— Task directions —
Every record must come back unchanged, apart from the pictures, which are dropped.

[Entries taken from a collection]
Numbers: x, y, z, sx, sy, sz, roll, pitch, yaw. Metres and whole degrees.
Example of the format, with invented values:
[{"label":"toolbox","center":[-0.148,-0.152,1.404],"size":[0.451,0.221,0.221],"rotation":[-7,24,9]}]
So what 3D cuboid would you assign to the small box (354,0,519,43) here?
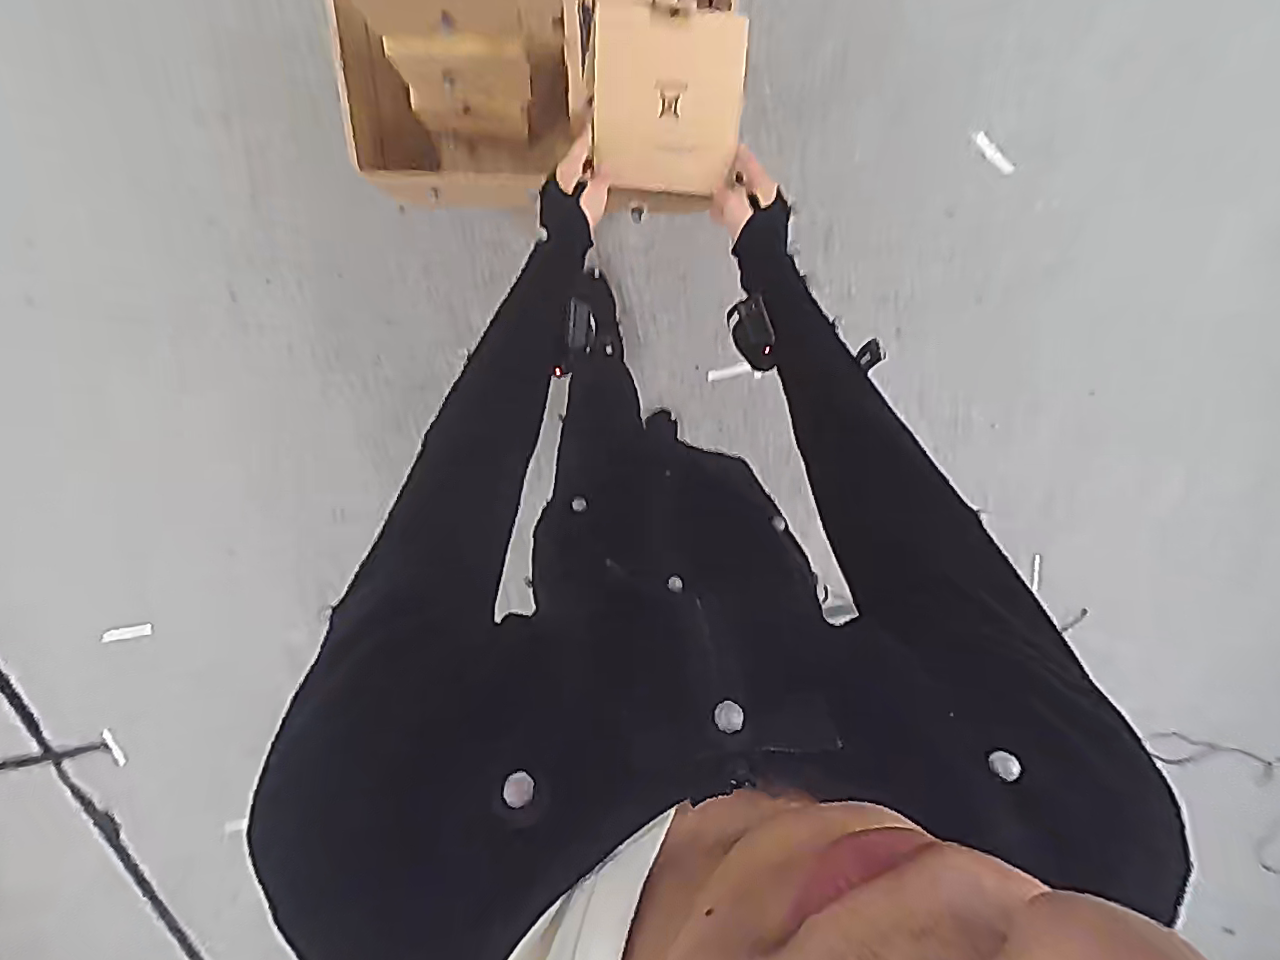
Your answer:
[{"label":"small box","center":[-0.222,-0.590,0.559],"size":[0.179,0.176,0.168],"rotation":[-5,106,-6]}]

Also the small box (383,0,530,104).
[{"label":"small box","center":[-0.241,-0.627,0.718],"size":[0.168,0.176,0.179],"rotation":[-4,106,-6]}]

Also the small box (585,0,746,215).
[{"label":"small box","center":[0.019,-0.442,0.665],"size":[0.168,0.176,0.179],"rotation":[1,107,-8]}]

— Output of the exercise —
Numbers: x, y, z, sx, sy, sz, roll, pitch, yaw. Metres and whole degrees.
Example of the format, with invented values:
[{"label":"toolbox","center":[-0.148,-0.152,1.404],"size":[0.451,0.221,0.221],"rotation":[-7,24,9]}]
So what 3D cuboid would you assign to the small box (354,0,519,43) here?
Your answer:
[{"label":"small box","center":[-0.222,-0.590,0.559],"size":[0.179,0.176,0.168],"rotation":[-5,106,-6]}]

Also the small box (383,0,530,104).
[{"label":"small box","center":[-0.241,-0.627,0.718],"size":[0.168,0.176,0.179],"rotation":[-4,106,-6]}]

Also the small box (585,0,746,215).
[{"label":"small box","center":[0.019,-0.442,0.665],"size":[0.168,0.176,0.179],"rotation":[1,107,-8]}]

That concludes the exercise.